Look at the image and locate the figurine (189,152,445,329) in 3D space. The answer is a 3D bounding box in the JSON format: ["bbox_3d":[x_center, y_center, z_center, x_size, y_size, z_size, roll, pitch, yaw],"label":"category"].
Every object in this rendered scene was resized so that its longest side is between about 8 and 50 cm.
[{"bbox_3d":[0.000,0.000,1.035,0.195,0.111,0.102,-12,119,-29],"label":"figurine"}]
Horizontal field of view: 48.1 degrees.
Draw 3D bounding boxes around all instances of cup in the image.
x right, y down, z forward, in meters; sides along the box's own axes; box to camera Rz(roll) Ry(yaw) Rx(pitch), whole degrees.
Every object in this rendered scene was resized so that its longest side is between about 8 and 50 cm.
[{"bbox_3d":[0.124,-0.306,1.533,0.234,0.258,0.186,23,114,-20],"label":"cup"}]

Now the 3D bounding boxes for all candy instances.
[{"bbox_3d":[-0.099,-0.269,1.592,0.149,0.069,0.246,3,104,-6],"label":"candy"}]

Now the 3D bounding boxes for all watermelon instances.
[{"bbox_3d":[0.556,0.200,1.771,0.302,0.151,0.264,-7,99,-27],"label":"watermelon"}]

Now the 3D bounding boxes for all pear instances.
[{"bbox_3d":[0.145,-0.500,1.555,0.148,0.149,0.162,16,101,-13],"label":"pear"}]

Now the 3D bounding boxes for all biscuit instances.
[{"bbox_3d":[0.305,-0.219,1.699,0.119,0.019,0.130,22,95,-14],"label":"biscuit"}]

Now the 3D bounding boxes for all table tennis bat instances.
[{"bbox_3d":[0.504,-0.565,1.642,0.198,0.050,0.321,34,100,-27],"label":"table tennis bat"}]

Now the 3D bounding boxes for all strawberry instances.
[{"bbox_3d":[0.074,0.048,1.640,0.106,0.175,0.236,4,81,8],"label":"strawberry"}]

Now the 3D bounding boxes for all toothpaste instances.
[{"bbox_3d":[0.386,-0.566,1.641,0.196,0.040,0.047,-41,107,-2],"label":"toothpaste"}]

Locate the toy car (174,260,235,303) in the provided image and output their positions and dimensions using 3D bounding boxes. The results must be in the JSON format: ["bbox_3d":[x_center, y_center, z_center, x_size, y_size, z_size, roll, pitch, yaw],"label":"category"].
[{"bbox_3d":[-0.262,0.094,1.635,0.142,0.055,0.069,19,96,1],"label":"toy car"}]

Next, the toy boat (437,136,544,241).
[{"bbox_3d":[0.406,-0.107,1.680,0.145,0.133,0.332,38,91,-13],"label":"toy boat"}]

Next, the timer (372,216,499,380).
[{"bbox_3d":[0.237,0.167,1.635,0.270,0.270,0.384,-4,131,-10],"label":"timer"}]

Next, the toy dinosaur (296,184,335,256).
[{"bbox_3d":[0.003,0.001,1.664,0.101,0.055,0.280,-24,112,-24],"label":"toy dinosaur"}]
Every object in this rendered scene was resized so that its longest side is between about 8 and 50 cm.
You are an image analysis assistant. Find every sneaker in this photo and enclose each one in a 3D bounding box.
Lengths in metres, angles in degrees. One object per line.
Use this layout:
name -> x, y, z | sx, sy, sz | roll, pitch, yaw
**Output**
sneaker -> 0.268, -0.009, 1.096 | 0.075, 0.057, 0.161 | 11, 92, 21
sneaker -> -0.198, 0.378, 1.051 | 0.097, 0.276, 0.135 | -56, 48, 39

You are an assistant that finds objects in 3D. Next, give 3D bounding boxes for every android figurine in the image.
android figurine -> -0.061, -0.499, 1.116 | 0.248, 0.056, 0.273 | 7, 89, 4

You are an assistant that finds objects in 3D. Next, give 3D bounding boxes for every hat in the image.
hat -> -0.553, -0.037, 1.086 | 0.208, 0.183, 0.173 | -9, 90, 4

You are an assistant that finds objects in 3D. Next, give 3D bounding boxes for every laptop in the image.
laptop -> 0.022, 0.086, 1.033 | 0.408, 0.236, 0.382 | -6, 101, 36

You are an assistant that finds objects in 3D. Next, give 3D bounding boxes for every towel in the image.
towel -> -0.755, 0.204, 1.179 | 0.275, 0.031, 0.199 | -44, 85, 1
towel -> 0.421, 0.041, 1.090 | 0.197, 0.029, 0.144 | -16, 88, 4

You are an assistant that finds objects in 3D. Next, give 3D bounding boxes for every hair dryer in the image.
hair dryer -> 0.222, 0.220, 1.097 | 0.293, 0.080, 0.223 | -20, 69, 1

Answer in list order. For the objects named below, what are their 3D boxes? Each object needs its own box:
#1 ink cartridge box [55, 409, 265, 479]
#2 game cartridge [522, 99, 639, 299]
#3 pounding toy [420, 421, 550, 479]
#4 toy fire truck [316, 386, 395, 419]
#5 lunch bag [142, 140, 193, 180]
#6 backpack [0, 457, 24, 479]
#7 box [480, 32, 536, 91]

(PROBLEM STATEMENT):
In the lines above, every record is to be repeated exactly.

(EXERCISE ANSWER):
Look at the image and locate the figurine (189,152,445,329) in 3D space. The answer is a 3D bounding box in the JSON format: ["bbox_3d":[x_center, y_center, z_center, x_size, y_size, z_size, roll, pitch, yaw],"label":"category"].
Every object in this rendered scene was resized so that its longest side is between about 8 and 50 cm.
[{"bbox_3d":[0.000,0.000,1.035,0.195,0.111,0.102,-12,119,-29],"label":"figurine"}]
Horizontal field of view: 48.1 degrees.
Draw 3D bounding boxes around all instances of cup in the image.
x right, y down, z forward, in meters; sides along the box's own axes; box to camera Rz(roll) Ry(yaw) Rx(pitch), whole degrees.
Every object in this rendered scene was resized so that its longest side is between about 8 and 50 cm.
[{"bbox_3d":[0.124,-0.306,1.533,0.234,0.258,0.186,23,114,-20],"label":"cup"}]

Now the 3D bounding boxes for all candy instances.
[{"bbox_3d":[-0.099,-0.269,1.592,0.149,0.069,0.246,3,104,-6],"label":"candy"}]

Now the 3D bounding boxes for all watermelon instances.
[{"bbox_3d":[0.556,0.200,1.771,0.302,0.151,0.264,-7,99,-27],"label":"watermelon"}]

Now the 3D bounding boxes for all pear instances.
[{"bbox_3d":[0.145,-0.500,1.555,0.148,0.149,0.162,16,101,-13],"label":"pear"}]

Now the 3D bounding boxes for all biscuit instances.
[{"bbox_3d":[0.305,-0.219,1.699,0.119,0.019,0.130,22,95,-14],"label":"biscuit"}]

Now the 3D bounding boxes for all table tennis bat instances.
[{"bbox_3d":[0.504,-0.565,1.642,0.198,0.050,0.321,34,100,-27],"label":"table tennis bat"}]

Now the 3D bounding boxes for all strawberry instances.
[{"bbox_3d":[0.074,0.048,1.640,0.106,0.175,0.236,4,81,8],"label":"strawberry"}]

Now the 3D bounding boxes for all toothpaste instances.
[{"bbox_3d":[0.386,-0.566,1.641,0.196,0.040,0.047,-41,107,-2],"label":"toothpaste"}]

Locate the toy car (174,260,235,303) in the provided image and output their positions and dimensions using 3D bounding boxes. The results must be in the JSON format: ["bbox_3d":[x_center, y_center, z_center, x_size, y_size, z_size, roll, pitch, yaw],"label":"category"].
[{"bbox_3d":[-0.262,0.094,1.635,0.142,0.055,0.069,19,96,1],"label":"toy car"}]

Next, the toy boat (437,136,544,241).
[{"bbox_3d":[0.406,-0.107,1.680,0.145,0.133,0.332,38,91,-13],"label":"toy boat"}]

Next, the timer (372,216,499,380).
[{"bbox_3d":[0.237,0.167,1.635,0.270,0.270,0.384,-4,131,-10],"label":"timer"}]

Next, the toy dinosaur (296,184,335,256).
[{"bbox_3d":[0.003,0.001,1.664,0.101,0.055,0.280,-24,112,-24],"label":"toy dinosaur"}]
Every object in this rendered scene was resized so that its longest side is between about 8 and 50 cm.
You are an image analysis assistant. Find every sneaker in this photo and enclose each one in a 3D bounding box.
Lengths in metres, angles in degrees. One object per line.
Use this layout:
name -> x, y, z | sx, sy, sz | roll, pitch, yaw
**Output**
sneaker -> 0.268, -0.009, 1.096 | 0.075, 0.057, 0.161 | 11, 92, 21
sneaker -> -0.198, 0.378, 1.051 | 0.097, 0.276, 0.135 | -56, 48, 39

You are an assistant that finds objects in 3D. Next, give 3D bounding boxes for every android figurine in the image.
android figurine -> -0.061, -0.499, 1.116 | 0.248, 0.056, 0.273 | 7, 89, 4

You are an assistant that finds objects in 3D. Next, give 3D bounding boxes for every hat in the image.
hat -> -0.553, -0.037, 1.086 | 0.208, 0.183, 0.173 | -9, 90, 4

You are an assistant that finds objects in 3D. Next, give 3D bounding boxes for every laptop in the image.
laptop -> 0.022, 0.086, 1.033 | 0.408, 0.236, 0.382 | -6, 101, 36

You are an assistant that finds objects in 3D. Next, give 3D bounding boxes for every towel in the image.
towel -> -0.755, 0.204, 1.179 | 0.275, 0.031, 0.199 | -44, 85, 1
towel -> 0.421, 0.041, 1.090 | 0.197, 0.029, 0.144 | -16, 88, 4

You are an assistant that finds objects in 3D. Next, give 3D bounding boxes for every hair dryer in the image.
hair dryer -> 0.222, 0.220, 1.097 | 0.293, 0.080, 0.223 | -20, 69, 1

Answer in list order. For the objects named below, what are their 3D boxes? Each object needs its own box:
#1 ink cartridge box [55, 409, 265, 479]
#2 game cartridge [522, 99, 639, 299]
#3 pounding toy [420, 421, 550, 479]
#4 toy fire truck [316, 386, 395, 419]
#5 lunch bag [142, 140, 193, 180]
#6 backpack [0, 457, 24, 479]
#7 box [480, 32, 536, 91]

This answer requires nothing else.